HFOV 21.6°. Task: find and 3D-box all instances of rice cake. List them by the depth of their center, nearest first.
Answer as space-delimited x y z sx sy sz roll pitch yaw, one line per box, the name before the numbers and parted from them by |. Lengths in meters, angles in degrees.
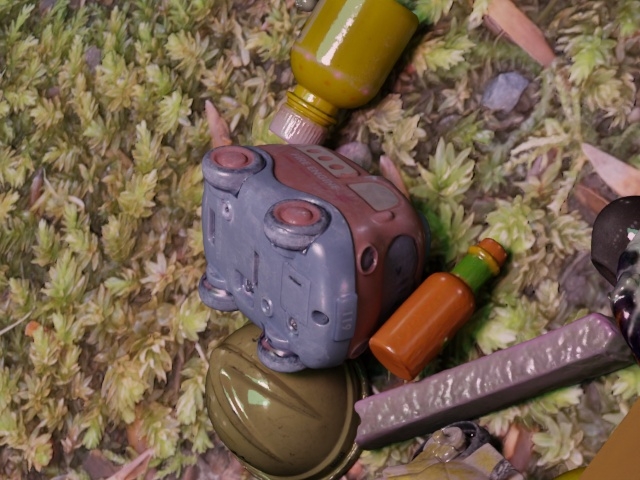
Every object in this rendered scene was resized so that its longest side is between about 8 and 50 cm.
rice cake | 0.182 0.155 1.829 0.365 0.073 0.056 -23 63 32

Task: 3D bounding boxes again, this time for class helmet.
helmet | -0.071 0.169 1.971 0.204 0.137 0.257 -53 50 10

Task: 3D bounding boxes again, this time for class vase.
vase | 0.365 -0.023 1.730 0.183 0.120 0.120 -46 51 -2

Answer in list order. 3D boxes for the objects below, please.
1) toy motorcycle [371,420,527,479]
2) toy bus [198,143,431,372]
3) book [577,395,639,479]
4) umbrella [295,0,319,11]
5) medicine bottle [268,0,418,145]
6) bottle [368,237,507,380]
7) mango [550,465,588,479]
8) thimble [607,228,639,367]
toy motorcycle | 0.116 0.296 1.702 0.223 0.108 0.340 -34 18 -3
toy bus | 0.000 0.000 1.930 0.294 0.232 0.197 39 136 44
book | 0.432 0.175 1.594 0.269 0.032 0.389 32 80 41
umbrella | -0.017 -0.357 2.171 0.067 0.062 0.143 -2 62 4
medicine bottle | 0.018 -0.210 2.049 0.122 0.122 0.212 37 98 40
bottle | 0.137 0.070 1.866 0.187 0.069 0.069 -46 48 -15
mango | 0.254 0.294 1.707 0.163 0.089 0.117 -27 55 28
thimble | 0.396 0.057 1.574 0.237 0.150 0.237 -17 50 21

=-=-=-=-=

Work to be completed »
The result should be an exact copy of only the lines above from the one that holds "Answer as space-delimited" through the one that holds "7) mango [550,465,588,479]", both ends included, without pictures.

Solution to the problem »
Answer as space-delimited x y z sx sy sz roll pitch yaw, one line per box, the name before the numbers and parted from them by |. Lengths in meters, angles in degrees.
Every object in this rendered scene was resized so that its longest side is between about 8 and 50 cm.
rice cake | 0.182 0.155 1.829 0.365 0.073 0.056 -23 63 32

Task: 3D bounding boxes again, this time for class helmet.
helmet | -0.071 0.169 1.971 0.204 0.137 0.257 -53 50 10

Task: 3D bounding boxes again, this time for class vase.
vase | 0.365 -0.023 1.730 0.183 0.120 0.120 -46 51 -2

Answer in list order. 3D boxes for the objects below, please.
1) toy motorcycle [371,420,527,479]
2) toy bus [198,143,431,372]
3) book [577,395,639,479]
4) umbrella [295,0,319,11]
5) medicine bottle [268,0,418,145]
6) bottle [368,237,507,380]
7) mango [550,465,588,479]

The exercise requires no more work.